Pedro Verdelho, Maria Fernanda Verdelho, Virgílio Loureiro

Pedro Verdelho, Maria Fernanda Verdelho, Virgílio Loureiro

Produzidos no Vale do Côa, em pleno Douro Superior…

… o que mais fascina nos vinhos Dona Berta…

… é a sua extraordinária vocação gastronómica!

São vinhos – quer os brancos, quer os tintos…

… que dão uma imensa vontade de comer!

Pedro Verdelho

Pedro Verdelho

De modo que, com a mais-valia da presença dos herdeiros de Hernâni Verdelho, incluindo a sua mulher Maria Fernanda e o seu filho Pedro…

… foi um desafio apaixonante fazer uma prova vertical de dois dos mais emblemáticos vinhos Dona Berta…

… o Rabigato Reserva e o Tinto Reserva!

Tendo sido possível acompanhar e perceber...

... a sua evolução em garrafa!

A sessão decorreu em Lisboa, no espaço TINTOS E TINTAS…

… e foi dirigida enólogo da casa duriense, o Prof. Virgílio Loureiro.

Virgílio Loureiro

Virgílio Loureiro

Começando pelos brancos...

... o varietal de Rabigato, produzido de forma minimalista na Quinta do Carrenho, em busca da autenticidade da casta e do terroir...

... demonstrou de forma notável que há um conjunto de caraterísticas do Dona Berta Rabigato que não muda, nem com o ano da colheita, nem com o tempo de estágio em garrafa!

De facto, as cinco colheitas provadas tinham todas em comum...

... a elegância e a delicadeza, a notável acidez, a grande estrutura e também a textura cremosa!

Confirmando-se naturalmente que o passar do tempo faz o vinho perder o vigor e a agressividade da sua juventude…
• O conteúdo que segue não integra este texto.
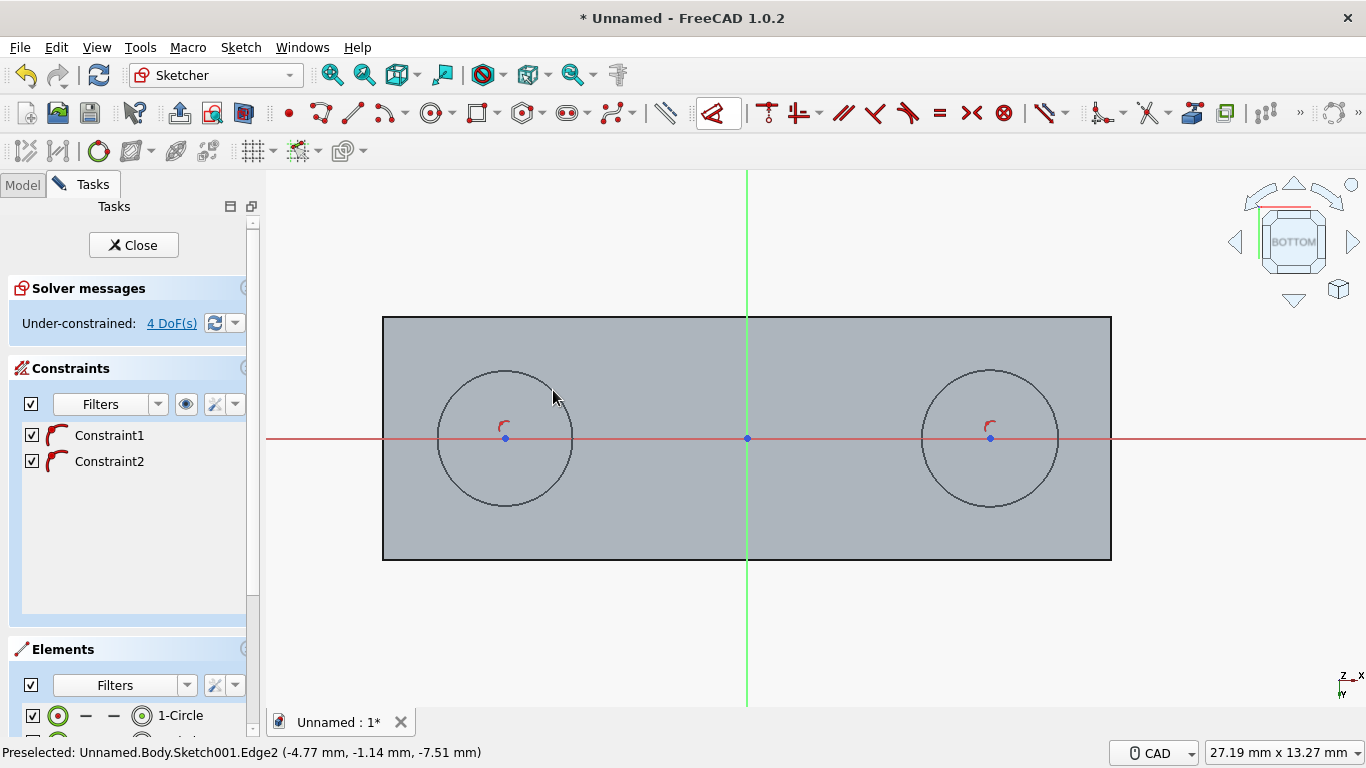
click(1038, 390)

… ganhando porém uma muito maior complexidade e riqueza de aromas!

O que foi particularmente interessante verificar na garrafa de 2005, a mais evoluída e sedutora da prova.

Dona Berta Rabigato Reserva branco: 2014, 2010, 2007, 2005, 2003

Dona Berta Rabigato Reserva branco: 2014, 2010, 2007, 2005, 2003

Já para a prova vertical dos tintos...

... o conceito foi diferente!

Não foi escolhido um varietal...

... mas antes um vinho de lote!

Neste caso, o Tinto Reserva...

... feito com as variedades tradicionais do Douro: Tinta Roriz (“que lhe dá o esqueleto”); Touriga Nacional (“que lhe dá o perfume”); Tinta Barroca (“casta injustamente diminuída no Douro mas que é muito boa em altitude”); Touriga Franca (“pouca, que em altitude não vai bem”); e, em alguns anos, quando não é vinificado à parte, Tinto Cão.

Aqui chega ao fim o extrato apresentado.